Essentially, you are enriching the top of the garden bed to form a new garden top soil.  In science terms, this is your “A horizon.” The A horizon of most soil is higher in organic matter, with a darker, richer and more crumbly soil color and texture. 

This makes soil more stable against erosion and compaction. It also provides overall better soil-to-seed contact in those top inches for best germination of fine seeds like carrots, arugula and lettuce.

Stage two is about building your garden beds and making a soil that is layered like a natural ecosystem. But you’ll also gain garden quality nutrient availability for years of better crop growth.

Stage Three

The final stage of garden soil fertility management mirrors the third phase of garden formation—namely, the period of continuous garden fertility management through the annual crop cycle. In this period there are three main fertility management techniques I apply.  

1. Reapply Compost

First, I reapply the compost from stage two onto the bed tops. I do this every one to three years for the first decade of gardening.  In stage three, though, I only apply 1 inch of compost. 

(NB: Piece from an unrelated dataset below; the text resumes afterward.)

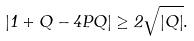<formula> <loc_0><loc_0><loc_500><loc_500>| 1 + Q - 4 P Q | \geq 2 \sqrt { | Q | } .</formula>

Here’s my schedule for applying compost during that decade:

  • I apply it each year for three years,
  • once again at the six-year mark
  • and again at the nine-year mark. 

At the end of this decade, you’re left with a Permabed of upmost quality. And it’s not hard—the compost spreader from my two-wheel tractor does a great job at this.

You can also apply compost by hand with shovels and a wheel barrow, or by shoveling out of a compact tractor’s bucket.  


Read more: Here’s why you should compost—and how to get started today.


2. Plant Cover Crops

Secondly, I use cover crops to help fix, store and cycle nutrients back into the soil. Cover crops are used in rotation with the vegetables. And I select certain cover crops to help fix certain nutrients: 

  • Clovers fix nitrogen
  • Buckwheat sequesters phosphorous
  • Winter rye builds copious organic matter  

Each cover crop has its own season as well. Winter rye will overwinter and hold soil against erosion. Buckwheat germinates and grows best in summer. And clovers need a good 18 inches to establish properly. 

I grow cover crops in the beds after flail mowing the vegetables. I also grow some cover crops, like white clovers and annual rye grass, in the paths—for instance, between beds of kale and cabbage. 

3. Side-dress Heavy-feeder Crops

Thirdly, I side-dress (apply nutrients close to the roots of) heavy-feeder crops, like melons, tomatoes, peppers and broccoli. For this, I use micro-nutrient blends and soluble plant fertilizers. 

For years, I have favored blends made by Neptune’s Harvest.  Their nutrients are readily available, and different blends can achieve different results, for instance:

  • encourage root development in spring and fall for perennials
  • enhance green-leafy growth for greens and tomatoes in spring
  • enhance flowering and fruiting in summer

I apply these with a backpack sprayer calibrated to the right ratio, and I walk and spray the soil along a line of the crop row.  You can also do foliar sprays, but I like to feed the soil, as this encourages healthy soil life, too.

Side-dressing could also include granular fertilizers like blood and bone meal, kelp meal and rock minerals. You could also set up some seeders to side-dress granular nutrients. Many older Farmall tractors allow you to side-mount a fertilizer attachment.

Side-dressing gives heavy-feeding crops an extra boost to improve seasonal yield. Ultimately, side-dressing will be of greater benefit in the early years, when the soil is still finding and balance.

After a decade of following these practices in stages one, two and three, your Permabed will be in great shape.